Publisher: Princeton University Press
File Extension: PDF
File size: 10.32 MB
Pages: 358
Author: Eric Schwitzgebel
ISBN: 9780691215679, 9780691239309, 0691215677, 0691239304, B0CCGNYM5X
Language: English
Year: 2024
Edition: -
Volume: -

Product desciption

The Weirdness Of The World Eric Schwitzgebel by Eric Schwitzgebel 9780691215679, 9780691239309, 0691215677, 0691239304, B0CCGNYM5X instant download after payment.

-How all philosophical explanations of human consciousness and the fundamental structure of the cosmos are bizarre—and why that’s a good thing-

Do we live inside a simulated reality or a pocket universe embedded in a larger structure about which we know virtually nothing? Is consciousness a purely physical matter, or might it require something extra, something nonphysical? According to the philosopher Eric Schwitzgebel, it’s hard to say. In The Weirdness of the World, Schwitzgebel argues that the answers to these fundamental questions lie beyond our powers of comprehension. We can be certain only that the truth—whatever it is—is weird. Philosophy, he proposes, can aim to open—to reveal possibilities we had not previously appreciated—or to close, to narrow down to the one correct theory of the phenomenon in question. Schwitzgebel argues for a philosophy that opens.
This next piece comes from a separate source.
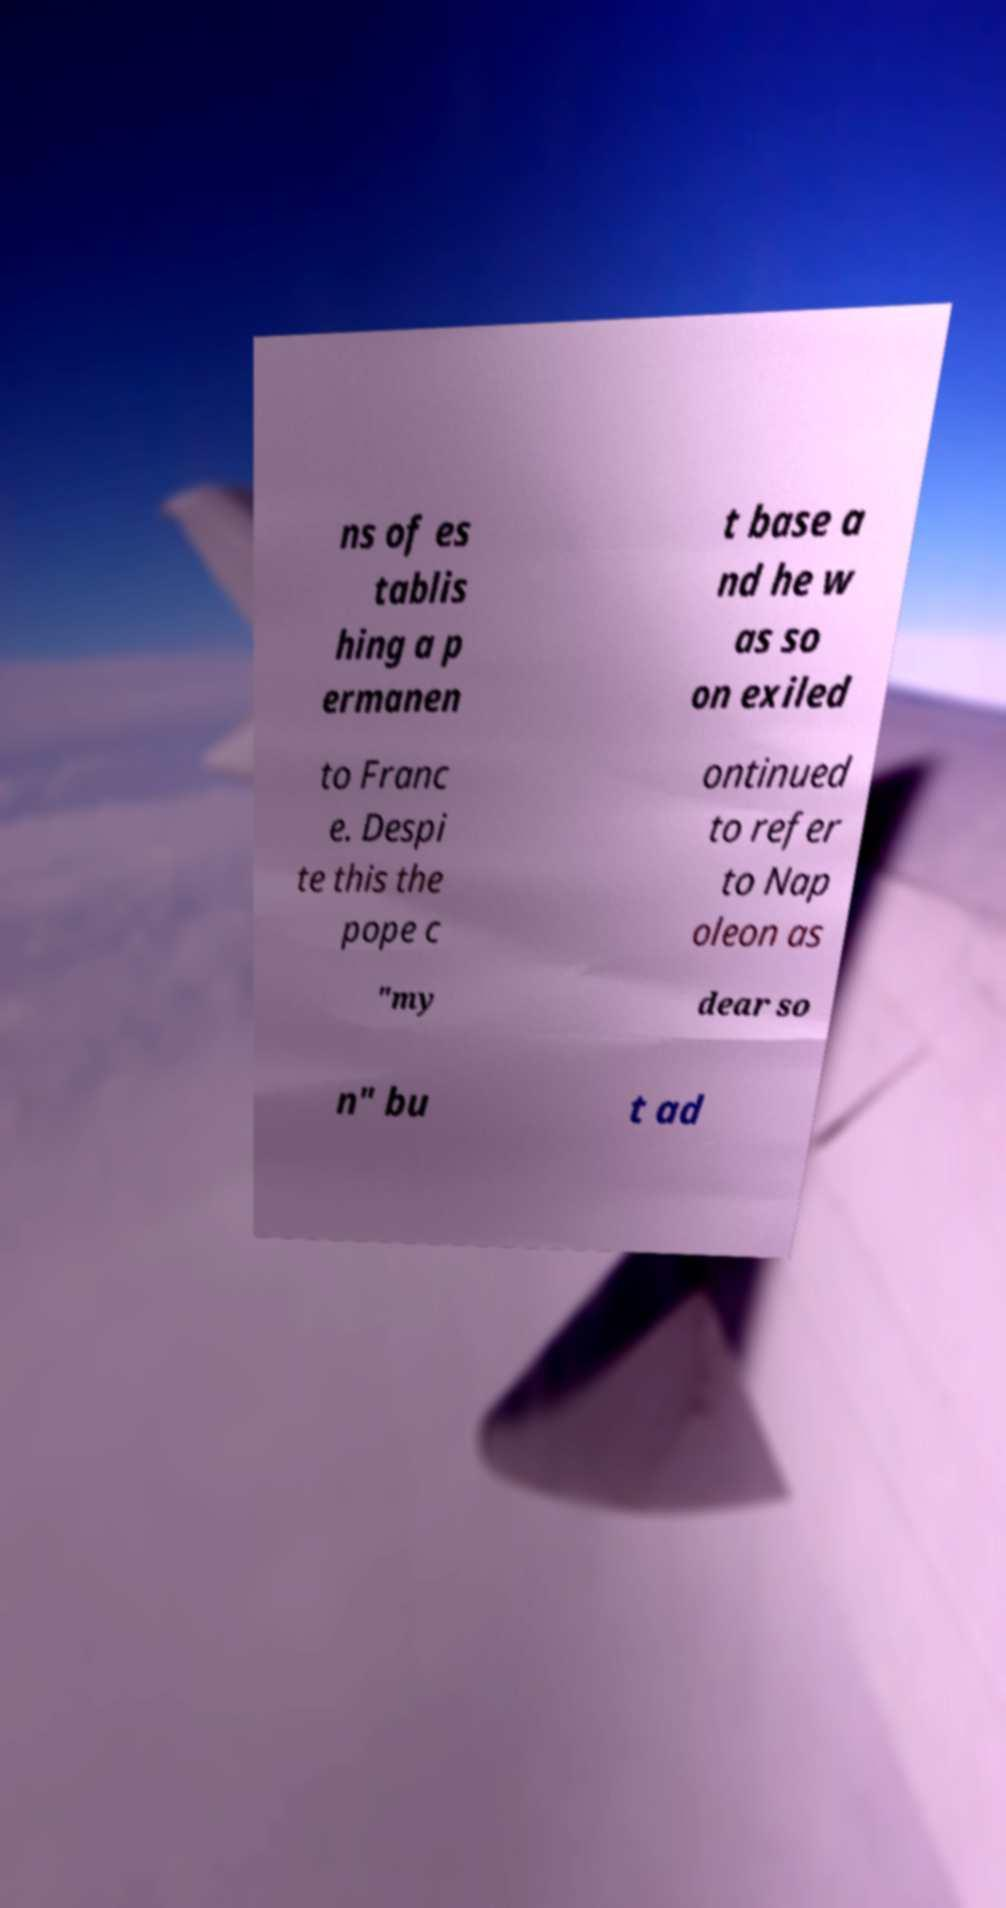I need the written content from this picture converted into text. Can you do that? ns of es tablis hing a p ermanen t base a nd he w as so on exiled to Franc e. Despi te this the pope c ontinued to refer to Nap oleon as "my dear so n" bu t ad 
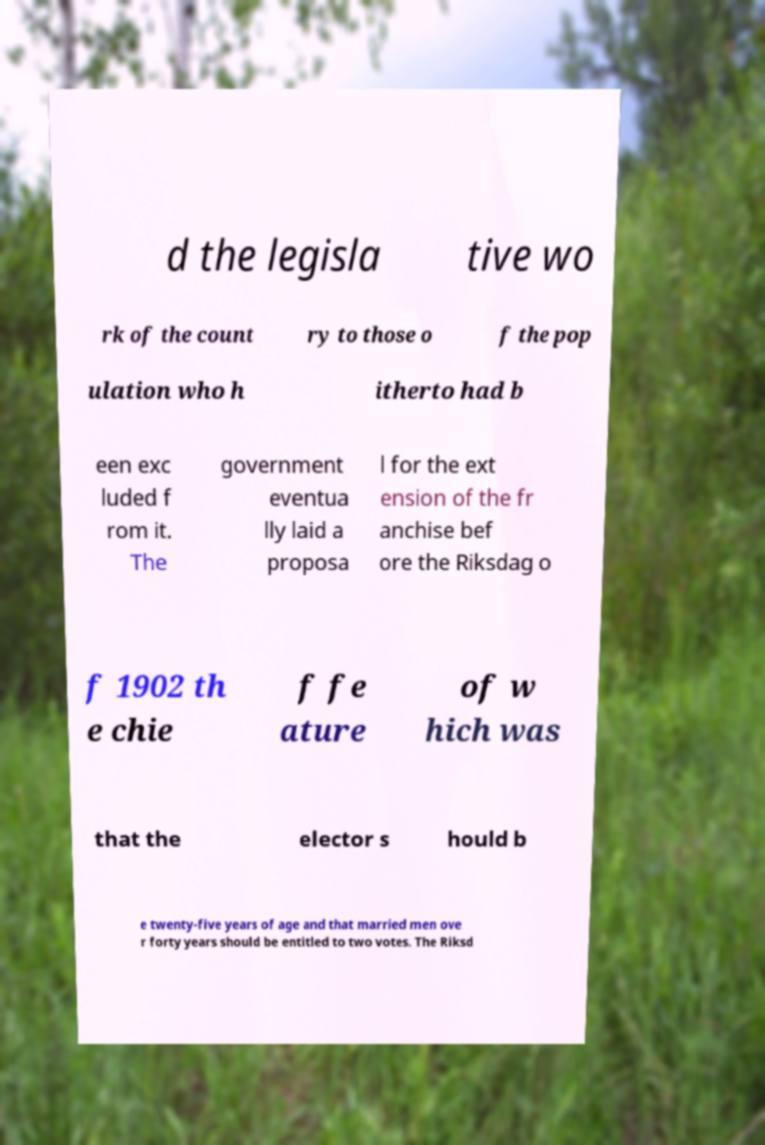I need the written content from this picture converted into text. Can you do that? d the legisla tive wo rk of the count ry to those o f the pop ulation who h itherto had b een exc luded f rom it. The government eventua lly laid a proposa l for the ext ension of the fr anchise bef ore the Riksdag o f 1902 th e chie f fe ature of w hich was that the elector s hould b e twenty-five years of age and that married men ove r forty years should be entitled to two votes. The Riksd

According to Schwitzgebel’s “Universal Bizarreness” thesis, every possible theory of the relation of mind and cosmos defies common sense. According to his complementary “Universal Dubiety” thesis, no general theory of the relationship between mind and cosmos compels rational belief. Might the United States be a conscious organism—a conscious group mind with approximately the intelligence of a rabbit? Might virtually every action we perform cause virtually every possible type of future event, echoing down through the infinite future of an infinite universe? What, if anything, is it like to be a garden snail? Schwitzgebel makes a persuasive case for the thrill of considering the most bizarre philosophical possibilities.